The CPI is a measure of consumer price inflation produced to international standards and in line with European regulations. First published in 1997 as the Harmonised Index of Consumer Prices (HICP), the CPI is the inflation measure used in the Government’s target for inflation.

The CPI is also used for purposes such as uprating pensions, wages and benefits and can aid in the understanding of inflation on family budgets. For more information see Users and uses of consumer price inflation statistics (100.5 Kb Pdf).

Latest figure and long-term trend

The CPI 12-month rate (the amount prices change over a year) between November 2014 and November 2015 stood at 0.1%. This means that a basket of goods and services that cost £100.00 in November 2014 would have cost £100.10 in November 2015.

Since early 2015, the CPI 12-month rate has been very close to 0.0%. This means that, taken as a whole, households have experienced very little change in prices compared with the same months in 2014. However, the picture for individual households depends on the goods and services that they buy. Looking across the year as a whole, prices for transport costs, food and non-alcoholic beverages and (to a lesser extent) recreational and cultural goods and services have had a downward pull on the rate of inflation. These have been counterbalanced by an upward pull from price movements for other goods and services, most notably restaurant and hotel bills, and education costs such as university tuition fees.

Figure A shows the contributions to the CPI 12-month rate in November 2015 compared with the contributions to the 12-month rate a year earlier. A larger version of the chart can be viewed by clicking on it (HTML version only).

Figure B shows the CPI 12-month rate over the last 10 years. Table A shows the CPI 1-month rate (the amount prices change between 2 consecutive months), 12-month rate and index values for the last year. A larger version of the chart can be viewed by clicking on it (HTML version only).

Consumer Prices Index (CPI): What are the main movements?

This section explains which goods and services had the biggest impact on the change to the 12-month rate between October and November 2015 and, where relevant, considers the longer-term inflationary trends for these goods and services.

The change in the CPI 12-month rate can be calculated by comparing the 12-month rates for 2 consecutive months. An alternative, and equally valid, approach is to calculate it by comparing the price change between the latest 2 months and the price change between the same 2 months a year ago. Explaining the contribution to change in the 12-month rate (37.1 Kb Pdf) is a diagram explaining the calculation.

The CPI was little changed between October and November 2015 compared with a fall of 0.3% between the same 2 months a year earlier. The 1-month movement was therefore 0.3 percentage points higher this year compared with a year ago, leading to a rise in the CPI 12-month rate.
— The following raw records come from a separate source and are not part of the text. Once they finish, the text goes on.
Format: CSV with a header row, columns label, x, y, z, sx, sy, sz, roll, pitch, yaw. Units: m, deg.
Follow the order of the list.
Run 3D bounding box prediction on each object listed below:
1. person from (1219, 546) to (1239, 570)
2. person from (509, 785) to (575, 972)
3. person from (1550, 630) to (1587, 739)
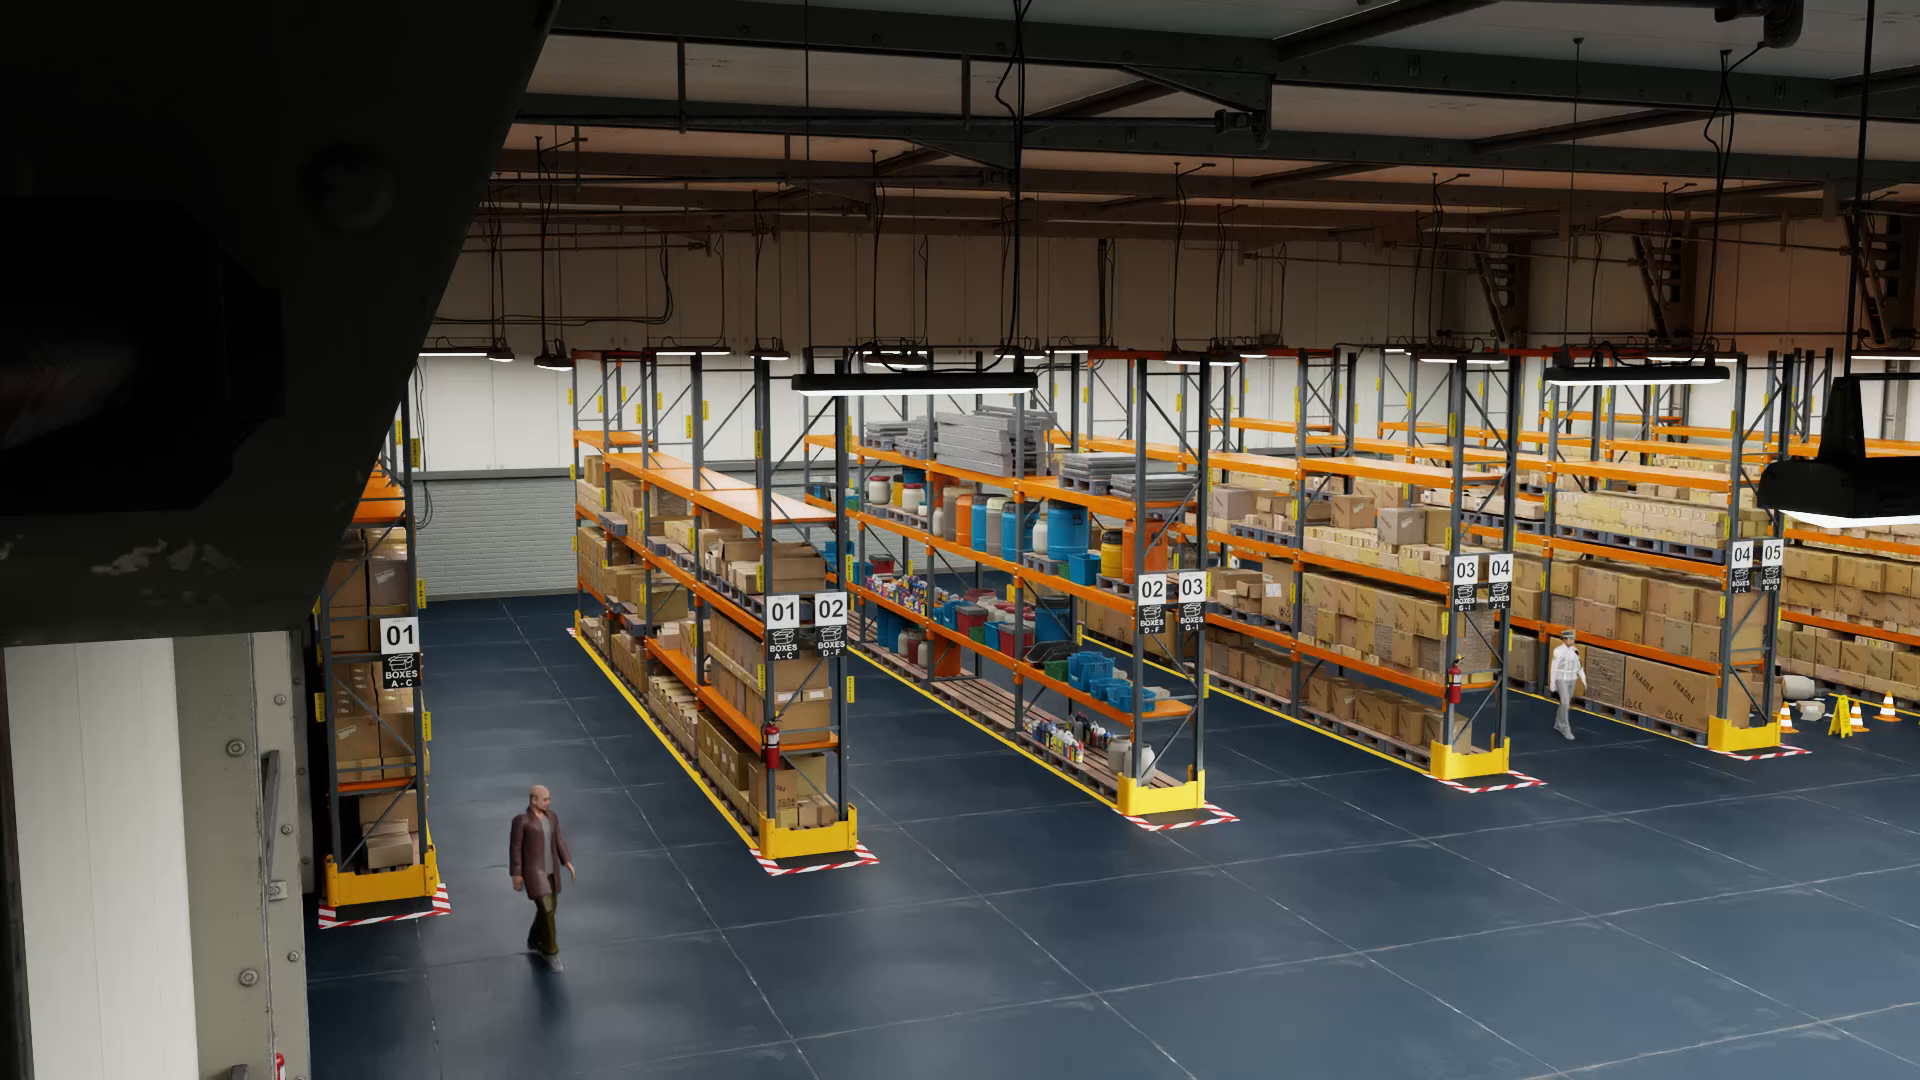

The difference between the movements in the annual and monthly rates is due to rounding.

The largest upward contributions to the change in the CPI 12-month rate between October and November 2015 came from:

  • transport: prices, overall, fell by 0.7% between October and November this year compared with a larger fall of 1.2% between the same 2 months a year ago. As prices fell by less than last year, this resulted in an upward contribution to the CPI 12-month rate. Within transport, the upward effects came principally from motor fuels and second-hand cars. Petrol prices fell by 1.5 pence per litre this year compared with a fall of 3.0 pence per litre a year ago while diesel fell by 0.6 pence this year compared with 2.9 pence a year ago. Second-hand car prices rose by 1.6% this year compared with a fall of 1.0% a year ago.

  • alcoholic beverages and tobacco: prices, overall, fell by 0.1% between October and November this year compared with a fall of 1.2% between the same 2 months a year ago. The upward contributions came from spirits and wine.

  • miscellaneous goods and services: prices, overall, rose by 0.3% between October and November this year compared with a fall of 0.1% between the same 2 months a year ago. Some of the upward effect came from car insurance premiums which rose by more than a year ago, with Insurance Premium Tax rising from 6% to 9.5% at the start of November 2015 as announced in the Summer 2015 Budget. There was also an upward contribution from other personal effects, where prices of items such as luggage rose by more than a year ago.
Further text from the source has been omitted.